Der Landkreis Celle, den das Prädikat einer Tradition mit pluralistischer Gesellschaft kennzeichnet, ist
seit mehreren Dekaden die Heimat Tausender türkisch- und kurdischstämmiger Mitbürgerinnen und
Mitbürger, welche in manchen Kommunen des Landkreises - so auch in der Stadt Bergen - inzwischen
die größte ethnische Minderheit bilden.
Im Lichte dessen wird auch die Tragweite und die Resonanz der Türkei-Geschehnisse ersichtlich,
welche ganz offensichtlich nicht allein ein internationales oder nationales, sondern gewiss auch ein
kommunales Anliegen darstellen, das gar bis vor unsere Haustür, in den Landkreis Celle reicht. Bereits
Ende vergangenen Jahres alarmierte der Rat der Stadt Celle die Bundesregierung und die Europäische
Union mit einem Resolutionspapier, über die Gefahren der vom türkischen Staat infolge des
Putschversuches an den Tag gelegten "Säuberungswelle", deren Durchsetzung jenseits von
Rechtsstaatlichkeit und Demokratie, mit harter Hand und in allen gesellschaftlichen und politischen
Bereichen seitdem forciert wird.
Vor dem Hintergrund immer eklatanter und härter werdenden politischen Maßnahmen, beobachten
auch wir das Geschehen in der Türkei mit großer Sorge. Die vom türkischen Staat ursprünglich gegen
die Putsch-Verantwortlichen gerichteten Säuberungsaktionen haben inzwischen ein weit größeres
Ausmaß angenommen und längst die gesamte Bevölkerung erreicht. Unter dem Deckmantel eines
nicht enden-wollenden Ausnahmezustandes, droht dem Land eine sukzessive Gleichschaltung
sämtlicher rechtsstaatlicher und gesellschaftlicher Organe, sowie die Auösung der demokratischen
Parteien. Der Status-Quo ist alarmierend: Eine Säuberungswelle folgt der anderen. Die systematische
Schließung von Redaktionen und Festnahmen von Journalisten, die Verhaftung demokratisch
gewählter Parlamentarier und Bürgermeister, die Absetzung von Richtern, Staatsanwälten,
Wissenschaftlern und weiteren tausend Staatsbediensteten und Zivilen, verdeutlichen den von der
Regierung verfolgten Kurs einer Ausschaltung sämtlicher regierungskritischer Faktoren.

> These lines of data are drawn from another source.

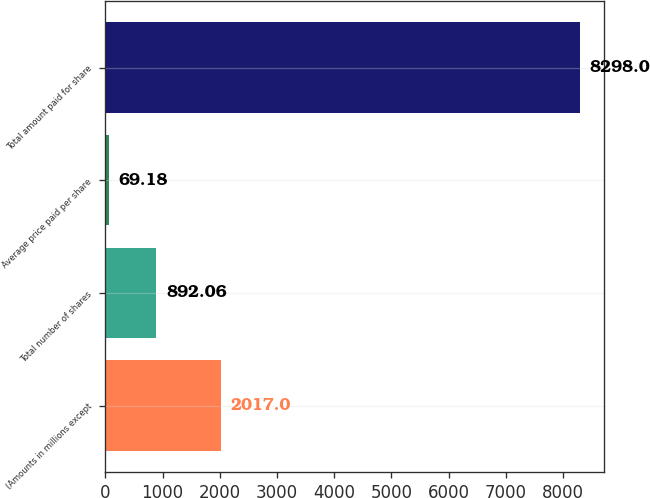Convert chart to OTSL. <chart><loc_0><loc_0><loc_500><loc_500><bar_chart><fcel>(Amounts in millions except<fcel>Total number of shares<fcel>Average price paid per share<fcel>Total amount paid for share<nl><fcel>2017<fcel>892.06<fcel>69.18<fcel>8298<nl></chart> 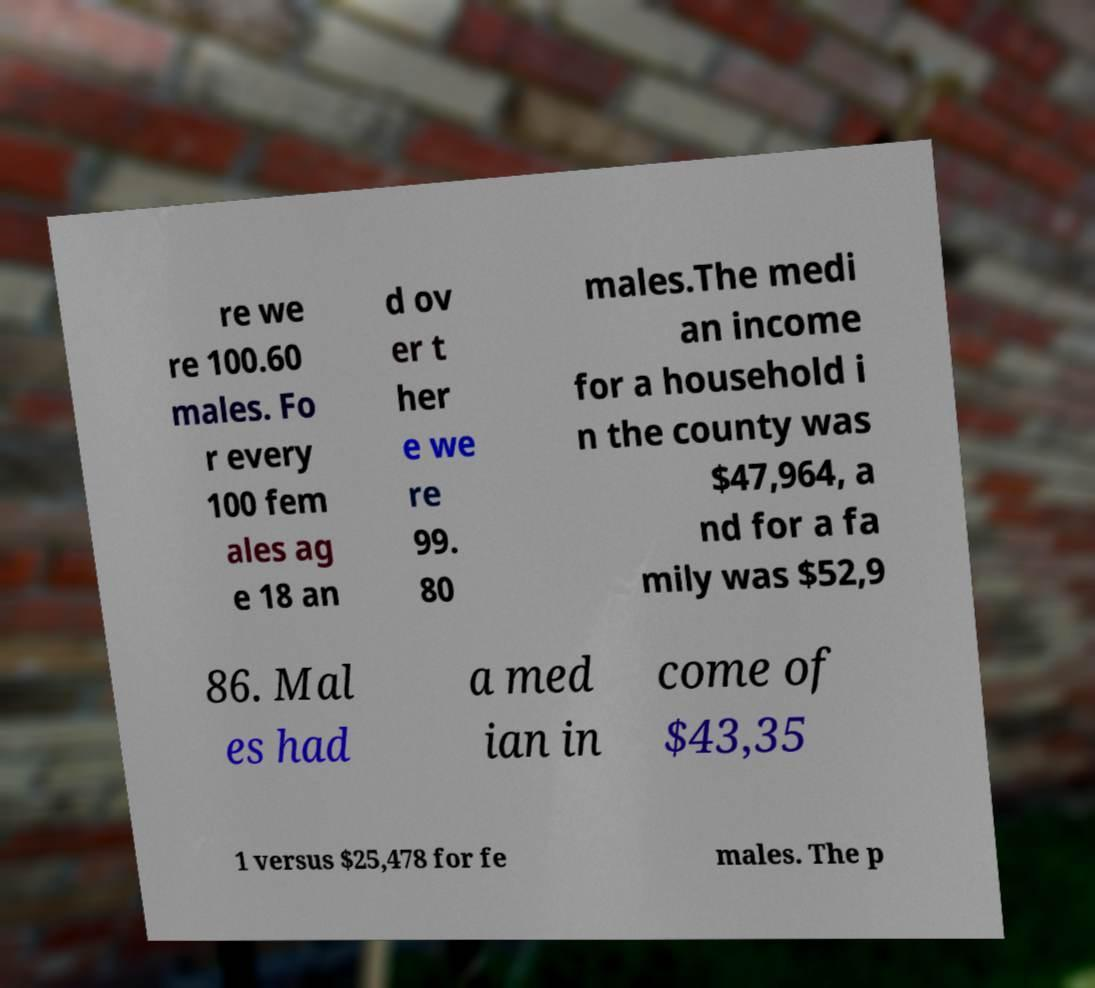Please read and relay the text visible in this image. What does it say? re we re 100.60 males. Fo r every 100 fem ales ag e 18 an d ov er t her e we re 99. 80 males.The medi an income for a household i n the county was $47,964, a nd for a fa mily was $52,9 86. Mal es had a med ian in come of $43,35 1 versus $25,478 for fe males. The p 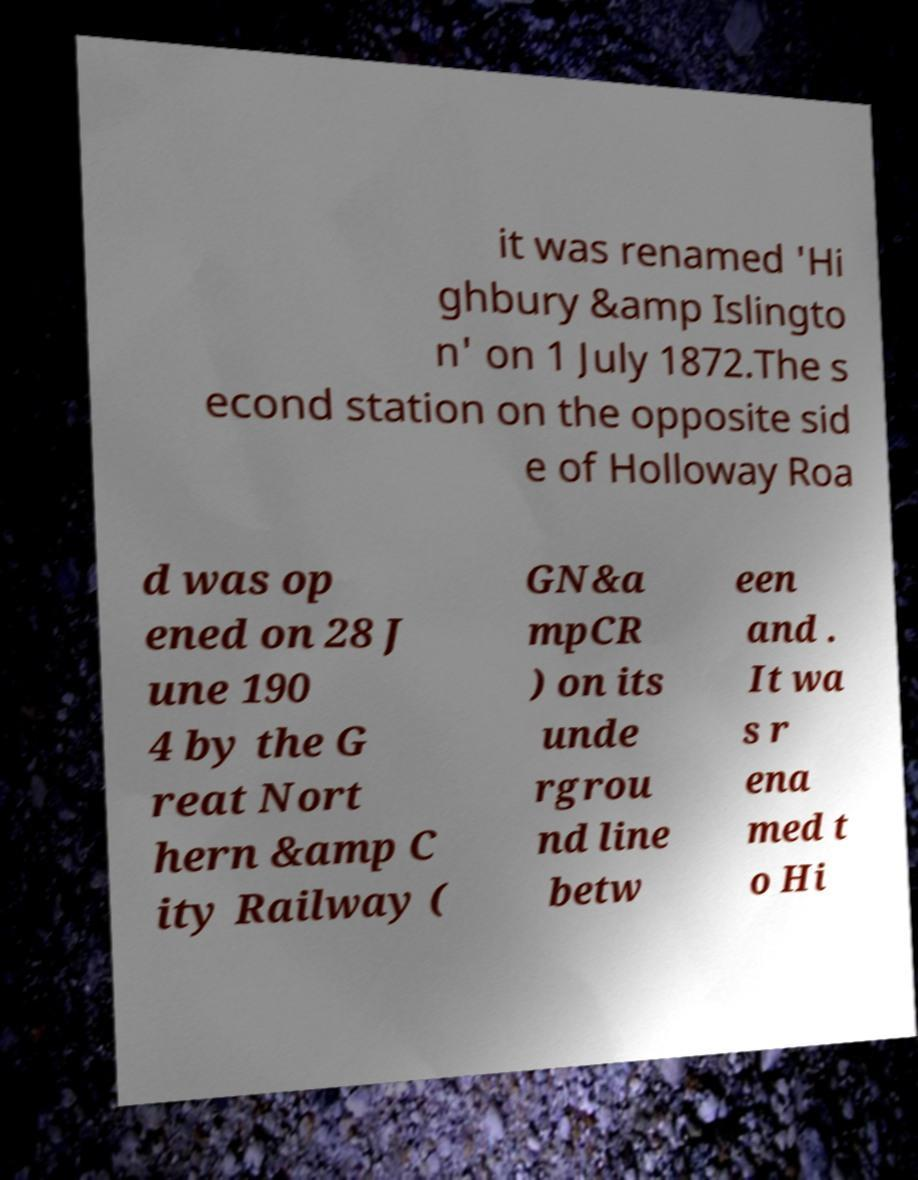Can you read and provide the text displayed in the image?This photo seems to have some interesting text. Can you extract and type it out for me? it was renamed 'Hi ghbury &amp Islingto n' on 1 July 1872.The s econd station on the opposite sid e of Holloway Roa d was op ened on 28 J une 190 4 by the G reat Nort hern &amp C ity Railway ( GN&a mpCR ) on its unde rgrou nd line betw een and . It wa s r ena med t o Hi 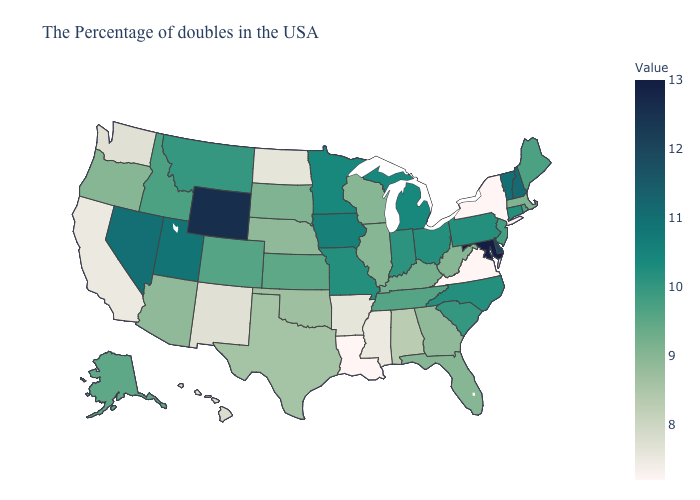Does Virginia have the lowest value in the USA?
Be succinct. Yes. Among the states that border Wisconsin , does Illinois have the lowest value?
Short answer required. Yes. Which states have the lowest value in the USA?
Keep it brief. New York, Virginia, Louisiana. Does Montana have a higher value than Florida?
Short answer required. Yes. Among the states that border Pennsylvania , does Maryland have the highest value?
Write a very short answer. Yes. Which states have the highest value in the USA?
Short answer required. Maryland. Among the states that border Wisconsin , which have the lowest value?
Quick response, please. Illinois. 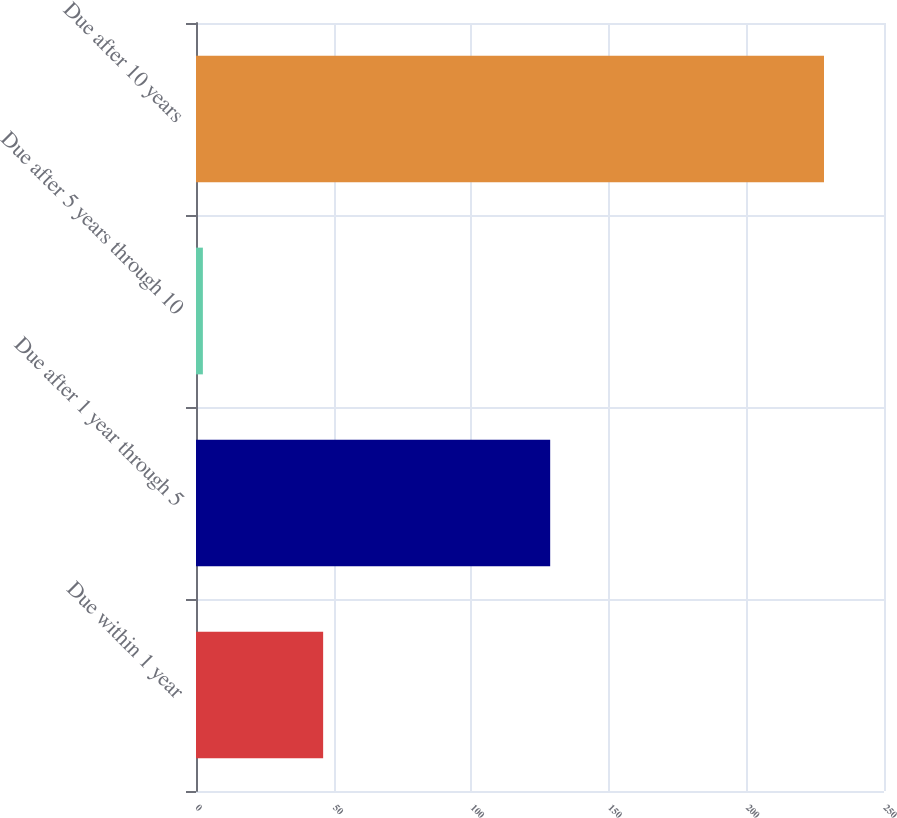<chart> <loc_0><loc_0><loc_500><loc_500><bar_chart><fcel>Due within 1 year<fcel>Due after 1 year through 5<fcel>Due after 5 years through 10<fcel>Due after 10 years<nl><fcel>46.2<fcel>128.7<fcel>2.5<fcel>228.2<nl></chart> 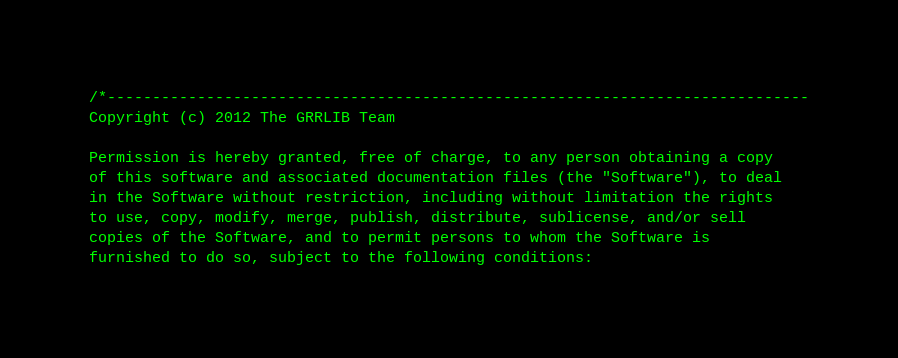Convert code to text. <code><loc_0><loc_0><loc_500><loc_500><_C_>/*------------------------------------------------------------------------------
Copyright (c) 2012 The GRRLIB Team

Permission is hereby granted, free of charge, to any person obtaining a copy
of this software and associated documentation files (the "Software"), to deal
in the Software without restriction, including without limitation the rights
to use, copy, modify, merge, publish, distribute, sublicense, and/or sell
copies of the Software, and to permit persons to whom the Software is
furnished to do so, subject to the following conditions:
</code> 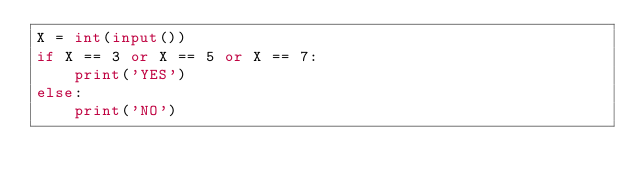Convert code to text. <code><loc_0><loc_0><loc_500><loc_500><_Python_>X = int(input())
if X == 3 or X == 5 or X == 7:
    print('YES')
else:
    print('NO')</code>

Umso bedrohlicher für die globale Weltordnung erscheint heute der von der Türkei verfolgte politische
Kurs, auch und vor allem angesichts des immer deutlicher werdenden Einwirkens des NATO-Partners
Türkei, in die Souveränität dritter Staaten: Während die Ausweitung der Eskalationen über die eigenen
Staatsgrenzen hinaus zu den Nachbarländern im vorderen Orient als Souveränitätsbruch zu mahnen
sein müsste, sorgt diese Koniktverlagerung - und darüber hinaus das Einschreiten ausländischer
Staatsmänner in die Politik der Bundesrepublik Deutschland und Europas - für große Empörung und
Unverständnis in der deutschen Bevölkerung.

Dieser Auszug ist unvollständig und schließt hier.